Extracted records
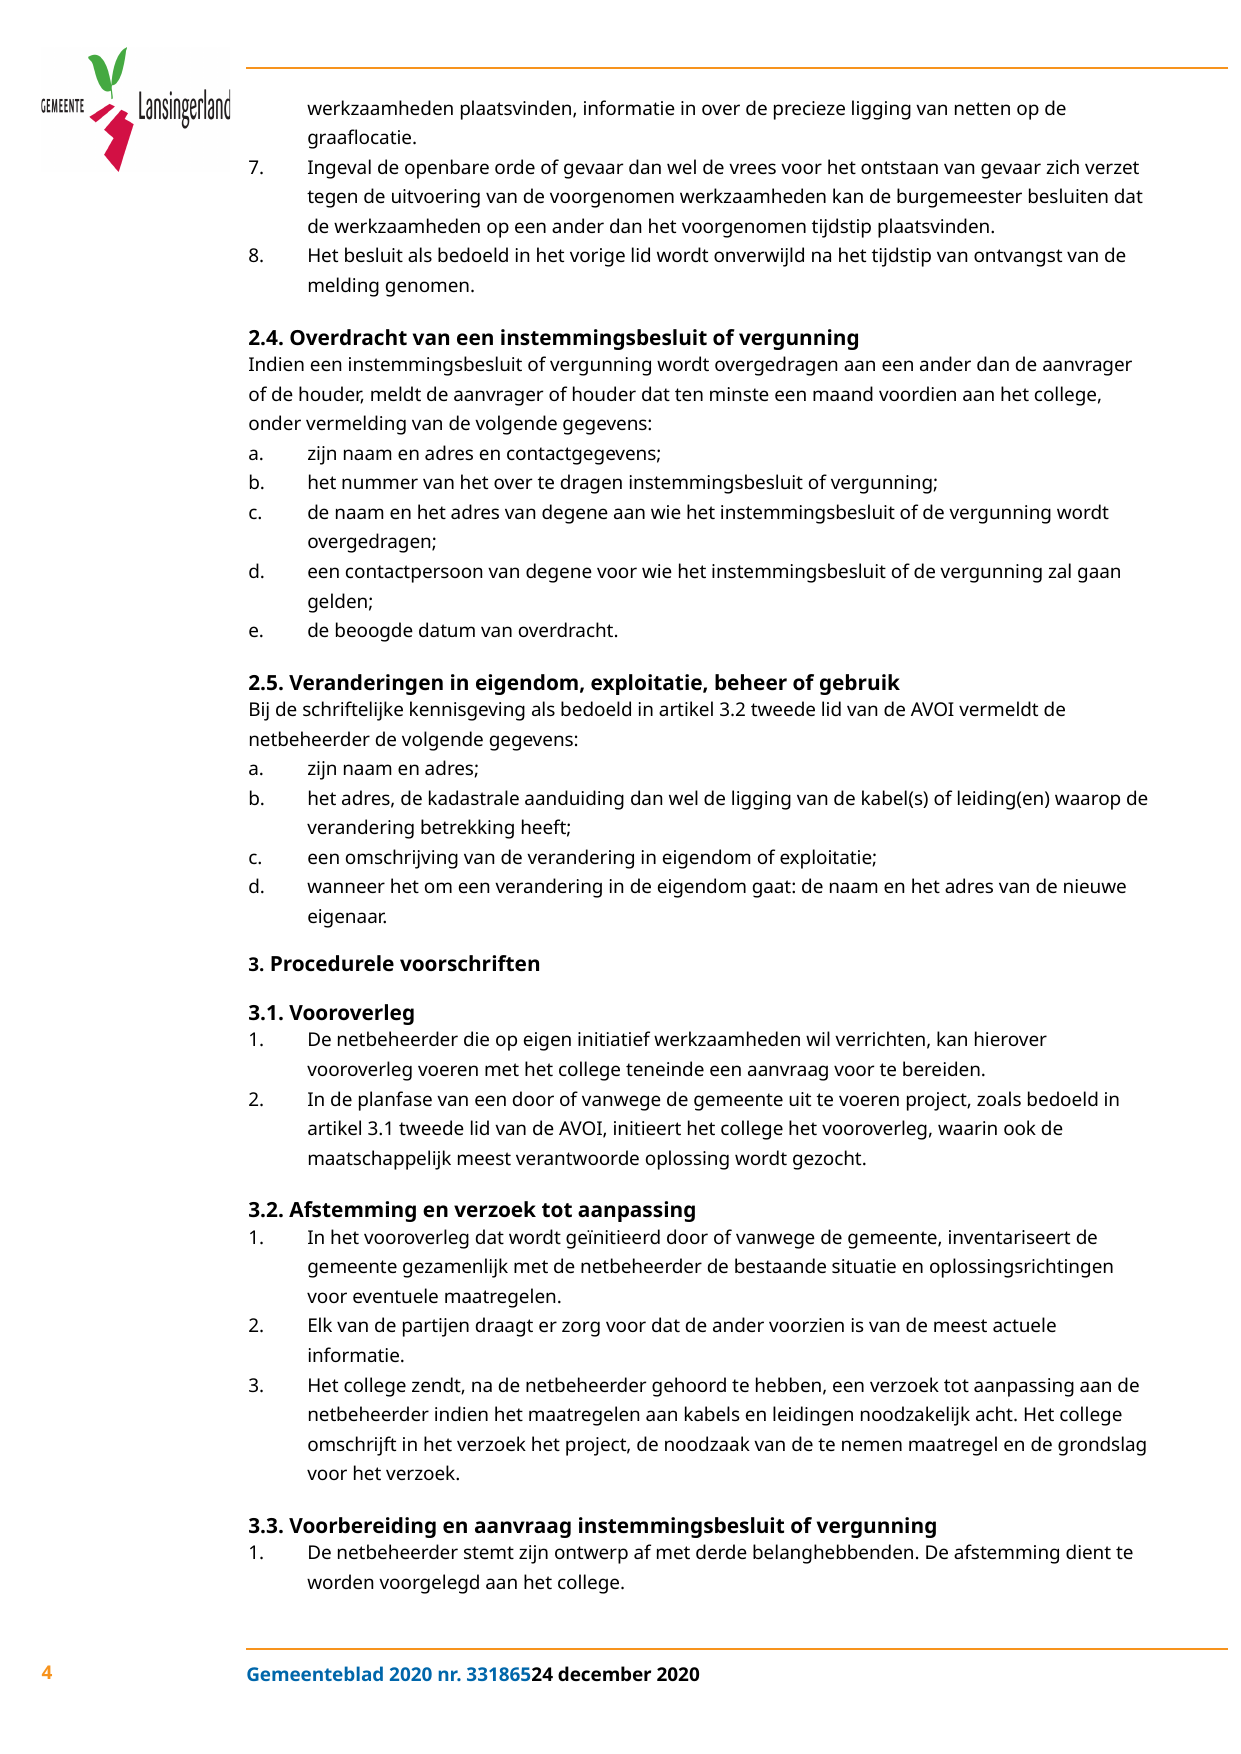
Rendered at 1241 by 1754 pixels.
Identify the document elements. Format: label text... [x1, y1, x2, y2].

text 3. Procedurele voorschriften [248, 949, 1152, 977]
list een omschrijving van de verandering in eigendom of exploitatie; [248, 844, 1152, 870]
text Bij de schriftelijke kennisgeving als bedoeld in artikel 3.2 tweede lid van de AVOI vermeldt de netbeheerder de volgende gegevens: [248, 696, 1152, 752]
list De netbeheerder stemt zijn ontwerp af met derde belanghebbenden. De afstemming dient te worden voorgelegd aan het college. [248, 1539, 1152, 1595]
list werkzaamheden plaatsvinden, informatie in over de precieze ligging van netten op de graaflocatie. [248, 95, 1152, 150]
list In de planfase van een door of vanwege de gemeente uit te voeren project, zoals bedoeld in artikel 3.1 tweede lid van de AVOI, initieert het college het vooroverleg, waarin ook de maatschappelijk meest verantwoorde oplossing wordt gezocht. [248, 1086, 1152, 1171]
list zijn naam en adres; [248, 755, 1152, 781]
text Indien een instemmingsbesluit of vergunning wordt overgedragen aan een ander dan de aanvrager of de houder, meldt de aanvrager of houder dat ten minste een maand voordien aan het college, onder vermelding van de volgende gegevens: [248, 351, 1152, 436]
picture [41, 47, 231, 172]
text 3.3. Voorbereiding en aanvraag instemmingsbesluit of vergunning [248, 1511, 1152, 1539]
list Ingeval de openbare orde of gevaar dan wel de vrees voor het ontstaan van gevaar zich verzet tegen de uitvoering van de voorgenomen werkzaamheden kan de burgemeester besluiten dat de werkzaamheden op een ander dan het voorgenomen tijdstip plaatsvinden. [248, 154, 1152, 239]
list het adres, de kadastrale aanduiding dan wel de ligging van de kabel(s) of leiding(en) waarop de verandering betrekking heeft; [248, 785, 1152, 840]
list zijn naam en adres en contactgegevens; [248, 440, 1152, 466]
list De netbeheerder die op eigen initiatief werkzaamheden wil verrichten, kan hierover vooroverleg voeren met het college teneinde een aanvraag voor te bereiden. [248, 1027, 1152, 1082]
text 3.1. Vooroverleg [248, 998, 1152, 1027]
list Het college zendt, na de netbeheerder gehoord te hebben, een verzoek tot aanpassing aan de netbeheerder indien het maatregelen aan kabels en leidingen noodzakelijk acht. Het college omschrijft in het verzoek het project, de noodzaak van de te nemen maatregel en de grondslag voor het verzoek. [248, 1372, 1152, 1486]
list wanneer het om een verandering in de eigendom gaat: de naam en het adres van de nieuwe eigenaar. [248, 874, 1152, 929]
list een contactpersoon van degene voor wie het instemmingsbesluit of de vergunning zal gaan gelden; [248, 558, 1152, 613]
list Het besluit als bedoeld in het vorige lid wordt onverwijld na het tijdstip van ontvangst van de melding genomen. [248, 243, 1152, 298]
list de naam en het adres van degene aan wie het instemmingsbesluit of de vergunning wordt overgedragen; [248, 499, 1152, 554]
list Elk van de partijen draagt er zorg voor dat de ander voorzien is van de meest actuele informatie. [248, 1313, 1152, 1368]
list de beoogde datum van overdracht. [248, 617, 1152, 643]
list het nummer van het over te dragen instemmingsbesluit of vergunning; [248, 469, 1152, 495]
text 2.4. Overdracht van een instemmingsbesluit of vergunning [248, 323, 1152, 351]
text 2.5. Veranderingen in eigendom, exploitatie, beheer of gebruik [248, 668, 1152, 696]
list In het vooroverleg dat wordt geïnitieerd door of vanwege de gemeente, inventariseert de gemeente gezamenlijk met de netbeheerder de bestaande situatie en oplossingsrichtingen voor eventuele maatregelen. [248, 1224, 1152, 1309]
text 3.2. Afstemming en verzoek tot aanpassing [248, 1195, 1152, 1224]
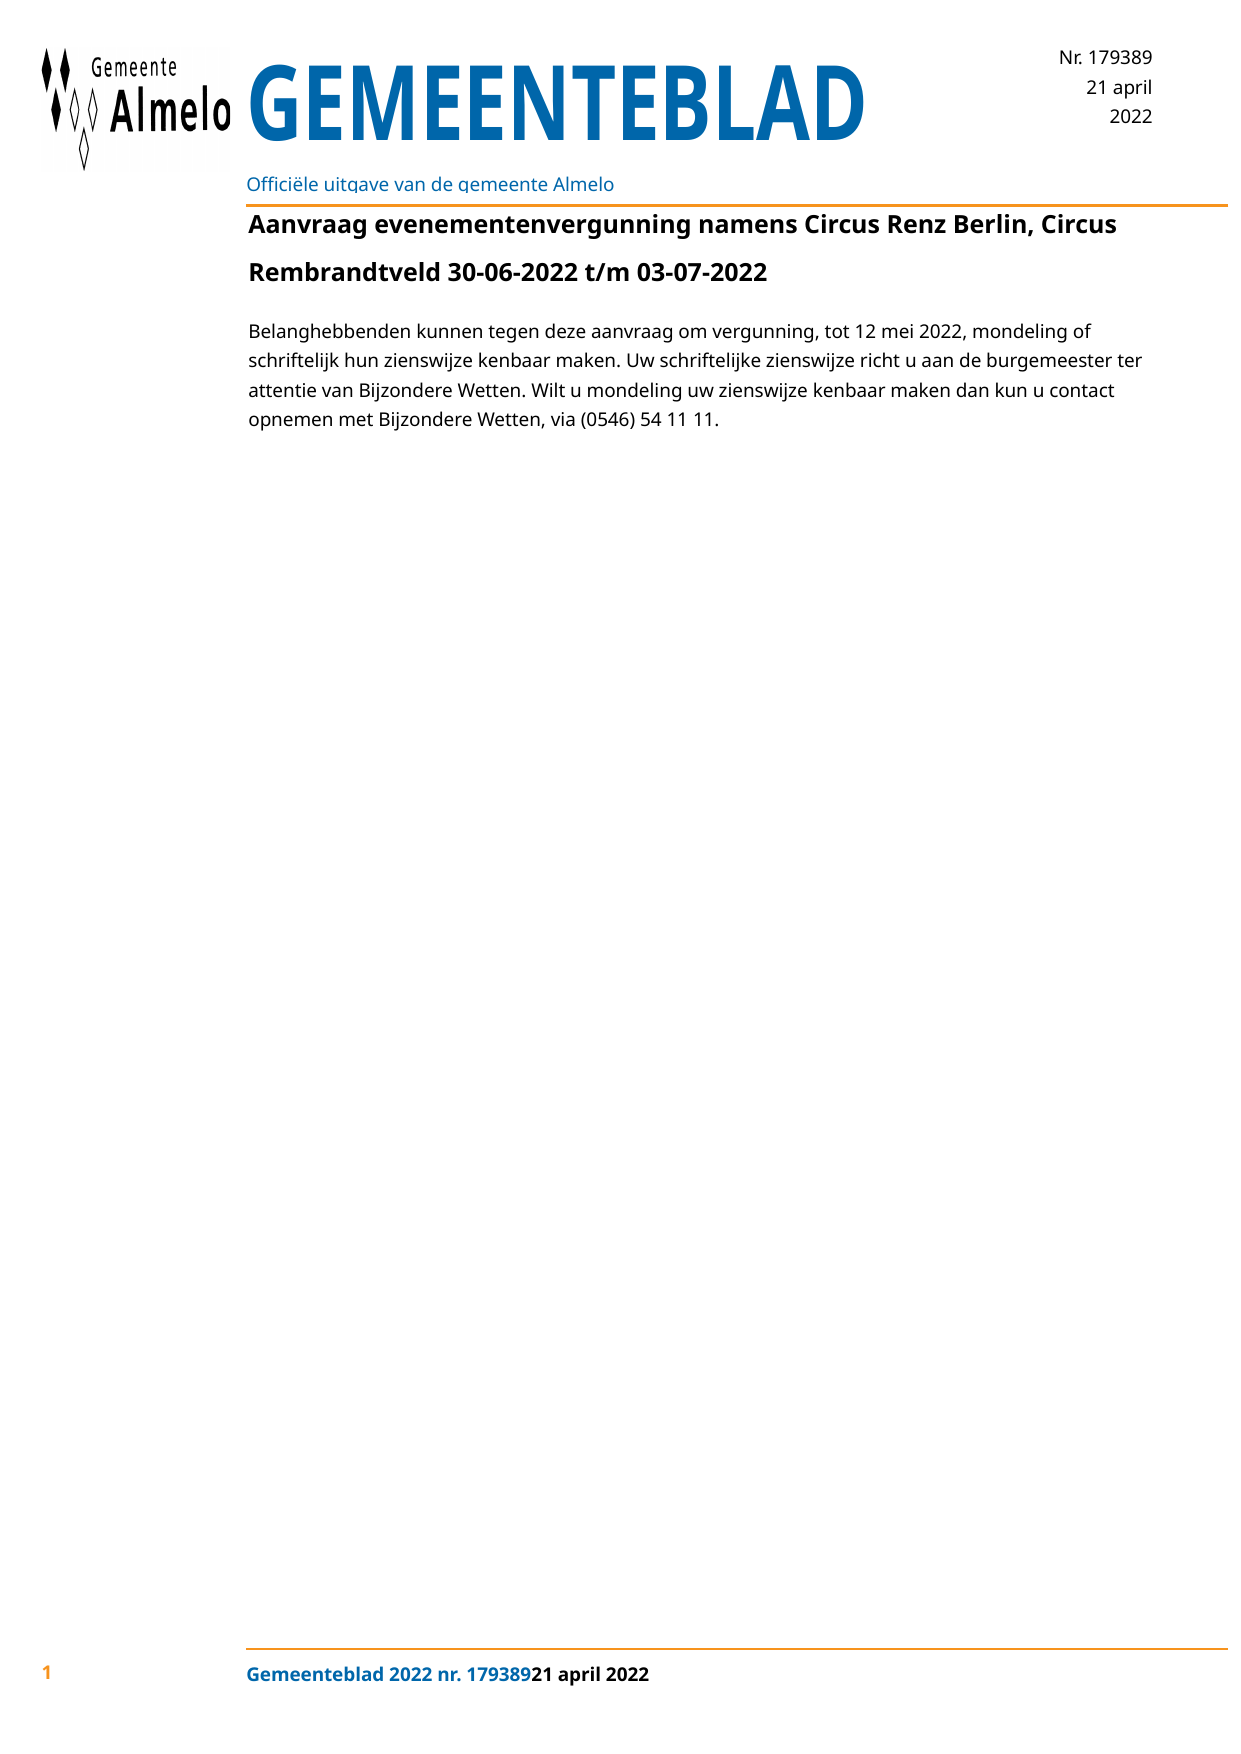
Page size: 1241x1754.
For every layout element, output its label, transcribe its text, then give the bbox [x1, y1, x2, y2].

text Aanvraag evenementenvergunning namens Circus Renz Berlin, Circus Rembrandtveld 30-06-2022 t/m 03-07-2022 [248, 207, 1152, 288]
picture [41, 47, 231, 172]
text Belanghebbenden kunnen tegen deze aanvraag om vergunning, tot 12 mei 2022, mondeling of schriftelijk hun zienswijze kenbaar maken. Uw schriftelijke zienswijze richt u aan de burgemeester ter attentie van Bijzondere Wetten. Wilt u mondeling uw zienswijze kenbaar maken dan kun u contact opnemen met Bijzondere Wetten, via (0546) 54 11 11. [248, 318, 1152, 432]
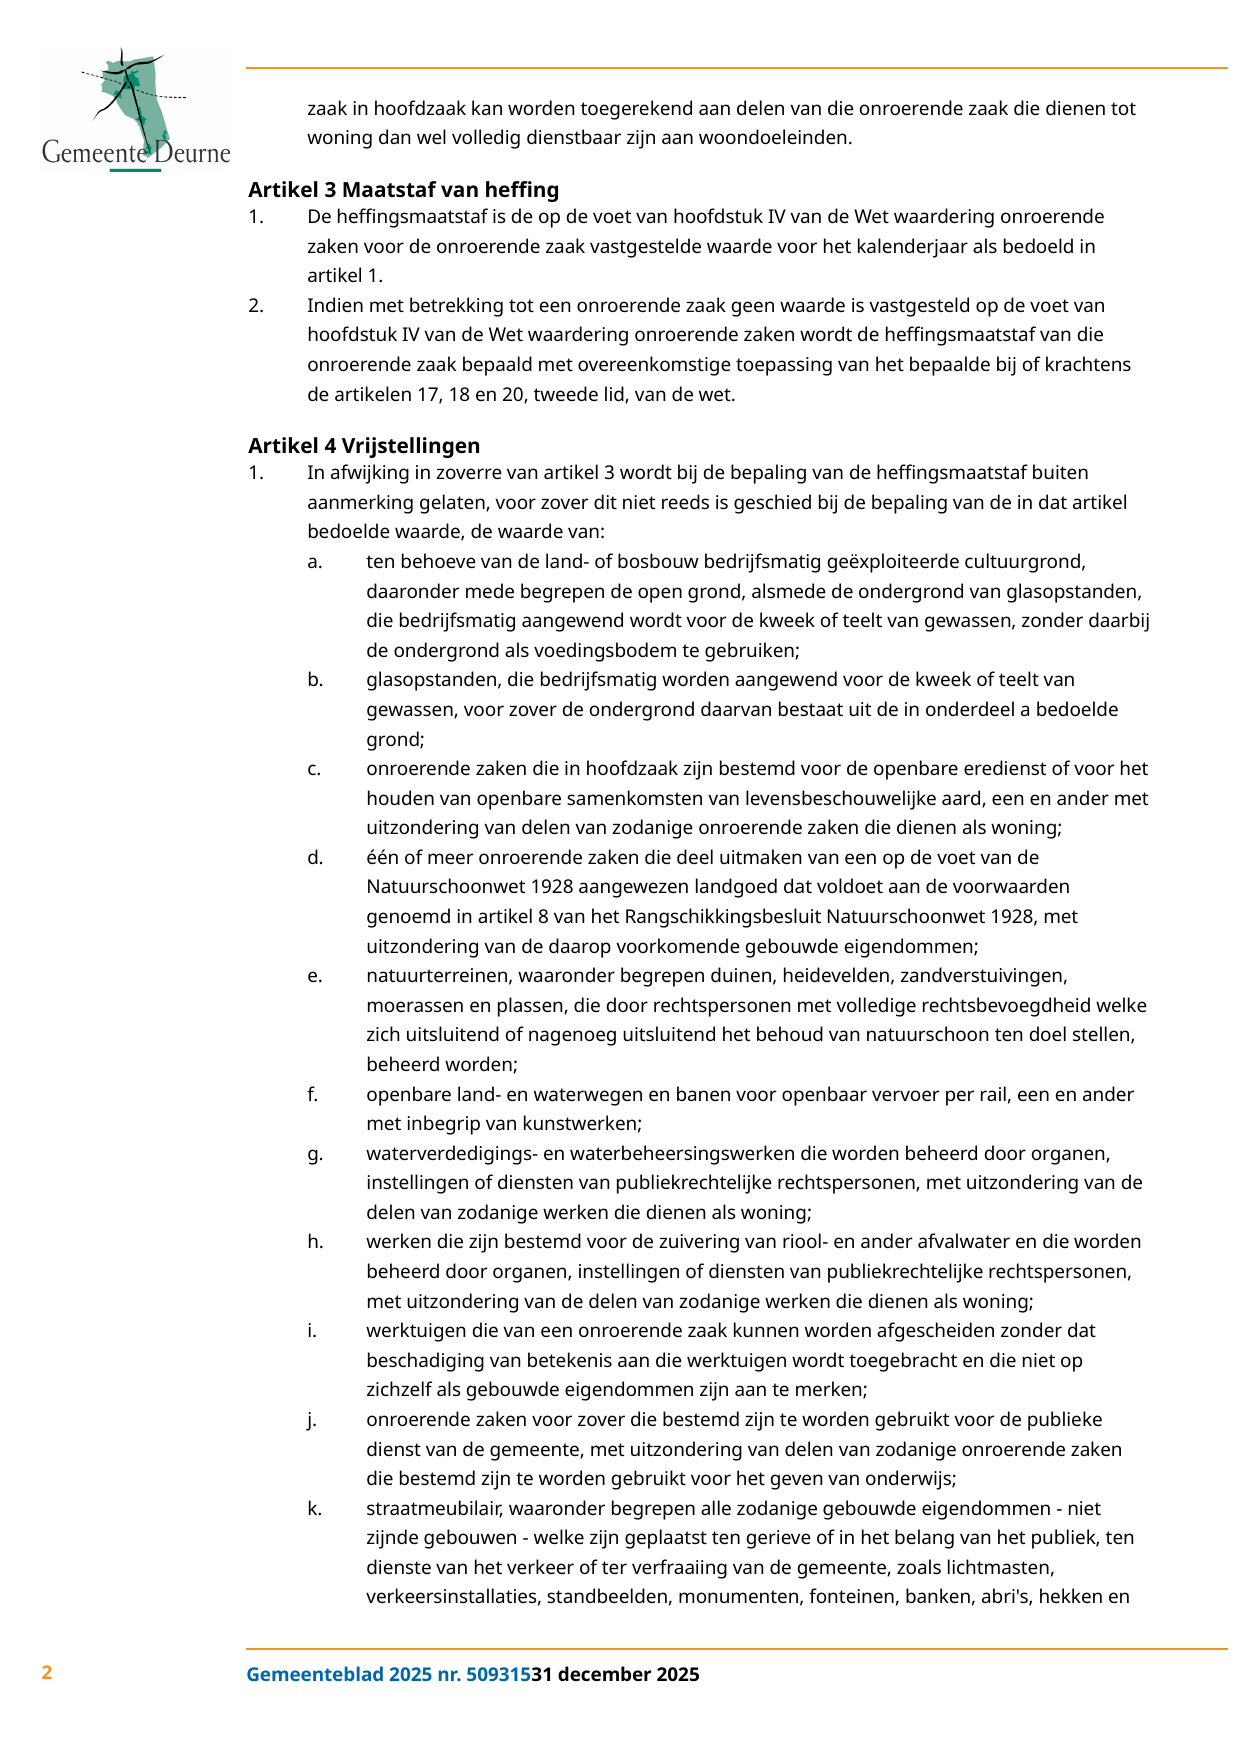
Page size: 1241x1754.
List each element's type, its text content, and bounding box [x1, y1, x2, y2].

picture [41, 47, 231, 172]
list zaak in hoofdzaak kan worden toegerekend aan delen van die onroerende zaak die dienen tot woning dan wel volledig dienstbaar zijn aan woondoeleinden. [248, 95, 1152, 150]
list straatmeubilair, waaronder begrepen alle zodanige gebouwde eigendommen - niet zijnde gebouwen - welke zijn geplaatst ten gerieve of in het belang van het publiek, ten dienste van het verkeer of ter verfraaiing van de gemeente, zoals lichtmasten, verkeersinstallaties, standbeelden, monumenten, fonteinen, banken, abri's, hekken en [307, 1495, 1152, 1609]
list De heffingsmaatstaf is de op de voet van hoofdstuk IV van de Wet waardering onroerende zaken voor de onroerende zaak vastgestelde waarde voor het kalenderjaar als bedoeld in artikel 1. [248, 203, 1152, 288]
list Indien met betrekking tot een onroerende zaak geen waarde is vastgesteld op de voet van hoofdstuk IV van de Wet waardering onroerende zaken wordt de heffingsmaatstaf van die onroerende zaak bepaald met overeenkomstige toepassing van het bepaalde bij of krachtens de artikelen 17, 18 en 20, tweede lid, van de wet. [248, 292, 1152, 406]
list openbare land- en waterwegen en banen voor openbaar vervoer per rail, een en ander met inbegrip van kunstwerken; [307, 1081, 1152, 1136]
list waterverdedigings- en waterbeheersingswerken die worden beheerd door organen, instellingen of diensten van publiekrechtelijke rechtspersonen, met uitzondering van de delen van zodanige werken die dienen als woning; [307, 1140, 1152, 1225]
text Artikel 4 Vrijstellingen [248, 431, 1152, 459]
list onroerende zaken voor zover die bestemd zijn te worden gebruikt voor de publieke dienst van de gemeente, met uitzondering van delen van zodanige onroerende zaken die bestemd zijn te worden gebruikt voor het geven van onderwijs; [307, 1406, 1152, 1491]
list werken die zijn bestemd voor de zuivering van riool- en ander afvalwater en die worden beheerd door organen, instellingen of diensten van publiekrechtelijke rechtspersonen, met uitzondering van de delen van zodanige werken die dienen als woning; [307, 1229, 1152, 1314]
list één of meer onroerende zaken die deel uitmaken van een op de voet van de Natuurschoonwet 1928 aangewezen landgoed dat voldoet aan de voorwaarden genoemd in artikel 8 van het Rangschikkingsbesluit Natuurschoonwet 1928, met uitzondering van de daarop voorkomende gebouwde eigendommen; [307, 844, 1152, 959]
list natuurterreinen, waaronder begrepen duinen, heidevelden, zandverstuivingen, moerassen en plassen, die door rechtspersonen met volledige rechtsbevoegdheid welke zich uitsluitend of nagenoeg uitsluitend het behoud van natuurschoon ten doel stellen, beheerd worden; [307, 962, 1152, 1077]
list onroerende zaken die in hoofdzaak zijn bestemd voor de openbare eredienst of voor het houden van openbare samenkomsten van levensbeschouwelijke aard, een en ander met uitzondering van delen van zodanige onroerende zaken die dienen als woning; [307, 755, 1152, 840]
list glasopstanden, die bedrijfsmatig worden aangewend voor de kweek of teelt van gewassen, voor zover de ondergrond daarvan bestaat uit de in onderdeel a bedoelde grond; [307, 667, 1152, 752]
list ten behoeve van de land- of bosbouw bedrijfsmatig geëxploiteerde cultuurgrond, daaronder mede begrepen de open grond, alsmede de ondergrond van glasopstanden, die bedrijfsmatig aangewend wordt voor de kweek of teelt van gewassen, zonder daarbij de ondergrond als voedingsbodem te gebruiken; [307, 548, 1152, 663]
text Artikel 3 Maatstaf van heffing [248, 175, 1152, 203]
list werktuigen die van een onroerende zaak kunnen worden afgescheiden zonder dat beschadiging van betekenis aan die werktuigen wordt toegebracht en die niet op zichzelf als gebouwde eigendommen zijn aan te merken; [307, 1317, 1152, 1402]
list In afwijking in zoverre van artikel 3 wordt bij de bepaling van de heffingsmaatstaf buiten aanmerking gelaten, voor zover dit niet reeds is geschied bij de bepaling van de in dat artikel bedoelde waarde, de waarde van: [248, 459, 1152, 544]

- **WORK TASK**
Please repeat, exactly as written, the lines in the records above, starting with the one that has "list wanneer het" and going on through the one that has "For every layout". Pictures are to be left out.

- **TASK ANSWER**
list wanneer het om een verandering in de eigendom gaat: de naam en het adres van de nieuwe eigenaar. [248, 874, 1152, 929]
list een contactpersoon van degene voor wie het instemmingsbesluit of de vergunning zal gaan gelden; [248, 558, 1152, 613]
list Het besluit als bedoeld in het vorige lid wordt onverwijld na het tijdstip van ontvangst van de melding genomen. [248, 243, 1152, 298]
list de naam en het adres van degene aan wie het instemmingsbesluit of de vergunning wordt overgedragen; [248, 499, 1152, 554]
list Elk van de partijen draagt er zorg voor dat de ander voorzien is van de meest actuele informatie. [248, 1313, 1152, 1368]
list de beoogde datum van overdracht. [248, 617, 1152, 643]
list het nummer van het over te dragen instemmingsbesluit of vergunning; [248, 469, 1152, 495]
text 2.4. Overdracht van een instemmingsbesluit of vergunning [248, 323, 1152, 351]
text 2.5. Veranderingen in eigendom, exploitatie, beheer of gebruik [248, 668, 1152, 696]
list In het vooroverleg dat wordt geïnitieerd door of vanwege de gemeente, inventariseert de gemeente gezamenlijk met de netbeheerder de bestaande situatie en oplossingsrichtingen voor eventuele maatregelen. [248, 1224, 1152, 1309]
text 3.2. Afstemming en verzoek tot aanpassing [248, 1195, 1152, 1224]
Page size: 1241x1754.
For every layout element, output its label, transcribe its text, then give the bbox [x1, y1, x2, y2].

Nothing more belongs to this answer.